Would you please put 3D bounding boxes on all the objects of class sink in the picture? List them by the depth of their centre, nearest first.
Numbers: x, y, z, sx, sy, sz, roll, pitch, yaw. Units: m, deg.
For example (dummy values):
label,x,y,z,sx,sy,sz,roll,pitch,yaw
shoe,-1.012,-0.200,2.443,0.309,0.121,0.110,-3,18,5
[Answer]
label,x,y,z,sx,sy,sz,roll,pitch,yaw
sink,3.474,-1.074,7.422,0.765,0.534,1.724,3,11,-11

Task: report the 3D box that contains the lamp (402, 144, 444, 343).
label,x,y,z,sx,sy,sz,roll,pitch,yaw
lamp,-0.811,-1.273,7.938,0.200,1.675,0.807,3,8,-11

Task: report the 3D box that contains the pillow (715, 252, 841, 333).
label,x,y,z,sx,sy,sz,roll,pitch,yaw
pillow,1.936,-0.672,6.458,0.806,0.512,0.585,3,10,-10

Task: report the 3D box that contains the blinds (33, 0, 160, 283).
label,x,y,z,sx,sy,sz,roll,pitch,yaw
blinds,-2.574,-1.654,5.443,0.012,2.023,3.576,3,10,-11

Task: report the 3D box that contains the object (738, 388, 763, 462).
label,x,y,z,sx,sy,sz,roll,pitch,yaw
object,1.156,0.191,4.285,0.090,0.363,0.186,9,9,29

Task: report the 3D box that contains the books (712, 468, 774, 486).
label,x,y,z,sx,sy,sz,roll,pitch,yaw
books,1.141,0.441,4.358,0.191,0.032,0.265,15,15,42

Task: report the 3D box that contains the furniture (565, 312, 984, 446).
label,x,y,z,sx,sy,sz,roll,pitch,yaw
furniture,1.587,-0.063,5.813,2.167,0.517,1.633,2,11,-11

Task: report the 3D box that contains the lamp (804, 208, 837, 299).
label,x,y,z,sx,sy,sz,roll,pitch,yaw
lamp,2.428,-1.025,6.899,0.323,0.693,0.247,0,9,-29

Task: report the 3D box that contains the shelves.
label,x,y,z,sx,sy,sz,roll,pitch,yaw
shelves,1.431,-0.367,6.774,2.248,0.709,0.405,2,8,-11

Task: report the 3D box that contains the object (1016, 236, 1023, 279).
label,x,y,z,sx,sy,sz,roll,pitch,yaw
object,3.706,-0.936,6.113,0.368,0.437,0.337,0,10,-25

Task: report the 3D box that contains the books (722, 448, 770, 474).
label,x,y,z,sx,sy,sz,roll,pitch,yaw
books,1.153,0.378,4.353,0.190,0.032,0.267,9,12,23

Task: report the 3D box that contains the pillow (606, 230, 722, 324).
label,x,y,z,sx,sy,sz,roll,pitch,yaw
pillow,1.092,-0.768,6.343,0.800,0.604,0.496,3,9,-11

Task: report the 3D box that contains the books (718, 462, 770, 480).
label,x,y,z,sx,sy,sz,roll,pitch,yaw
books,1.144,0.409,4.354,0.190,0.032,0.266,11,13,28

# What the exercise asks
The answer must be the line containing "230, 722, 324)." and every line after it through the end of the records, repeated exactly.

# Answer to this problem
Task: report the 3D box that contains the pillow (606, 230, 722, 324).
label,x,y,z,sx,sy,sz,roll,pitch,yaw
pillow,1.092,-0.768,6.343,0.800,0.604,0.496,3,9,-11

Task: report the 3D box that contains the books (718, 462, 770, 480).
label,x,y,z,sx,sy,sz,roll,pitch,yaw
books,1.144,0.409,4.354,0.190,0.032,0.266,11,13,28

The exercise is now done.